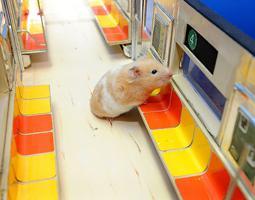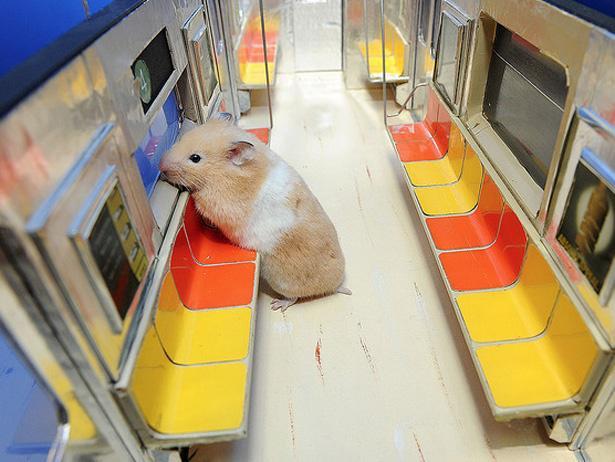The first image is the image on the left, the second image is the image on the right. Assess this claim about the two images: "1 hamster is in the doorway of a toy train car.". Correct or not? Answer yes or no. No. 
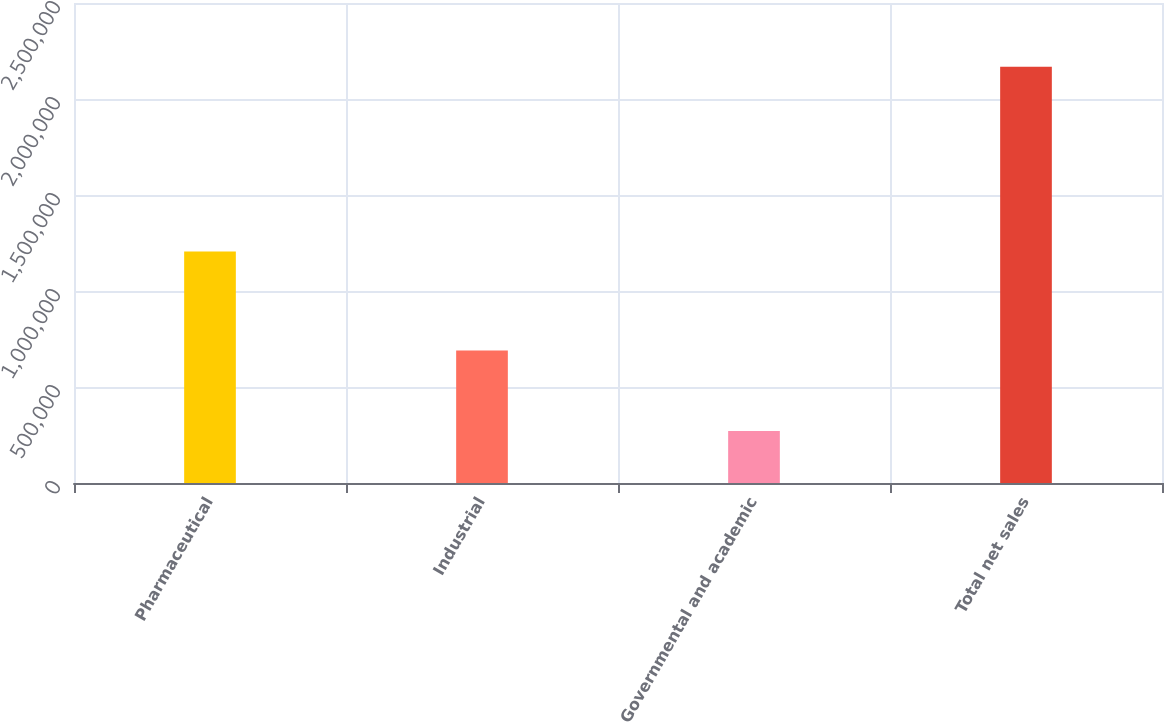<chart> <loc_0><loc_0><loc_500><loc_500><bar_chart><fcel>Pharmaceutical<fcel>Industrial<fcel>Governmental and academic<fcel>Total net sales<nl><fcel>1.20632e+06<fcel>690119<fcel>270988<fcel>2.16742e+06<nl></chart> 
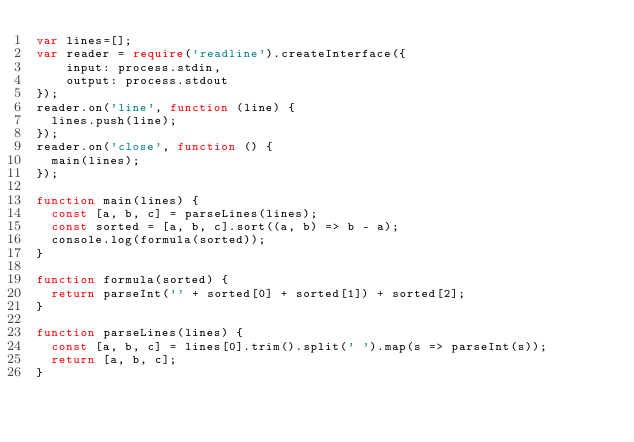Convert code to text. <code><loc_0><loc_0><loc_500><loc_500><_TypeScript_>var lines=[];
var reader = require('readline').createInterface({
    input: process.stdin,
    output: process.stdout
});
reader.on('line', function (line) {
  lines.push(line);
});
reader.on('close', function () {
  main(lines);
});

function main(lines) {
  const [a, b, c] = parseLines(lines);  
  const sorted = [a, b, c].sort((a, b) => b - a);
  console.log(formula(sorted));
}

function formula(sorted) {
  return parseInt('' + sorted[0] + sorted[1]) + sorted[2];
}

function parseLines(lines) {
  const [a, b, c] = lines[0].trim().split(' ').map(s => parseInt(s));
  return [a, b, c];
}
</code> 
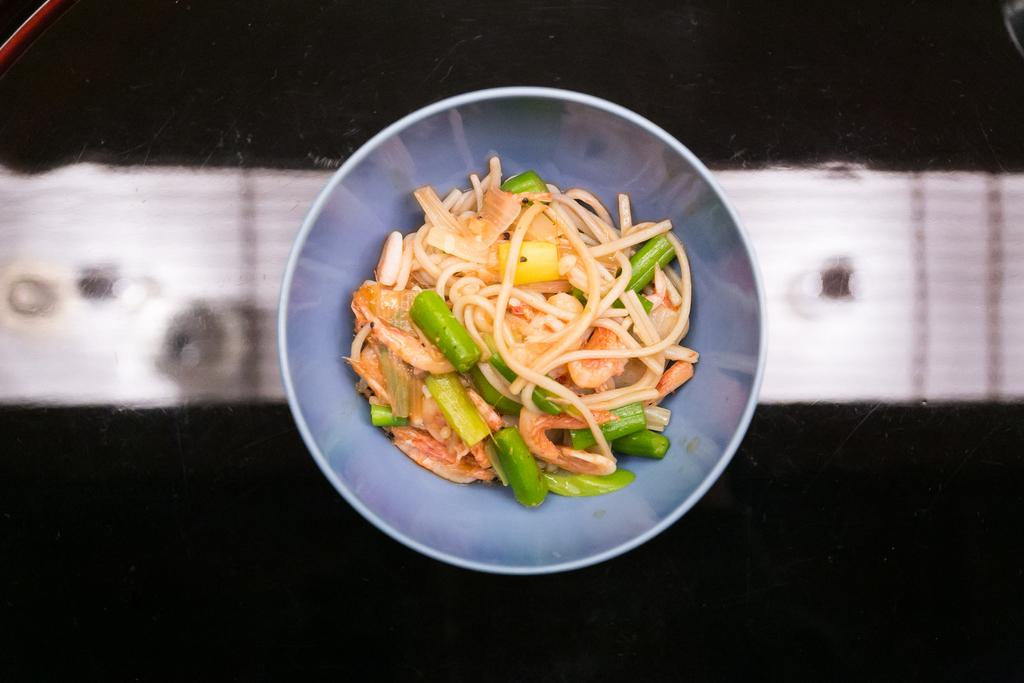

# Problem to solve
Repeat the material above exactly, so that every entry appears but no picture does.

# Reply
The first image is the image on the left, the second image is the image on the right. Assess this claim about the two images: "1 hamster is in the doorway of a toy train car.". Correct or not? Answer yes or no. No. 
<chart> <loc_0><loc_0><loc_500><loc_500><bar_chart><fcel>Pharmaceutical<fcel>Industrial<fcel>Governmental and academic<fcel>Total net sales<nl><fcel>1.20632e+06<fcel>690119<fcel>270988<fcel>2.16742e+06<nl></chart> 
Convert code to text. <code><loc_0><loc_0><loc_500><loc_500><_TypeScript_>var lines=[];
var reader = require('readline').createInterface({
    input: process.stdin,
    output: process.stdout
});
reader.on('line', function (line) {
  lines.push(line);
});
reader.on('close', function () {
  main(lines);
});

function main(lines) {
  const [a, b, c] = parseLines(lines);  
  const sorted = [a, b, c].sort((a, b) => b - a);
  console.log(formula(sorted));
}

function formula(sorted) {
  return parseInt('' + sorted[0] + sorted[1]) + sorted[2];
}

function parseLines(lines) {
  const [a, b, c] = lines[0].trim().split(' ').map(s => parseInt(s));
  return [a, b, c];
}
</code> 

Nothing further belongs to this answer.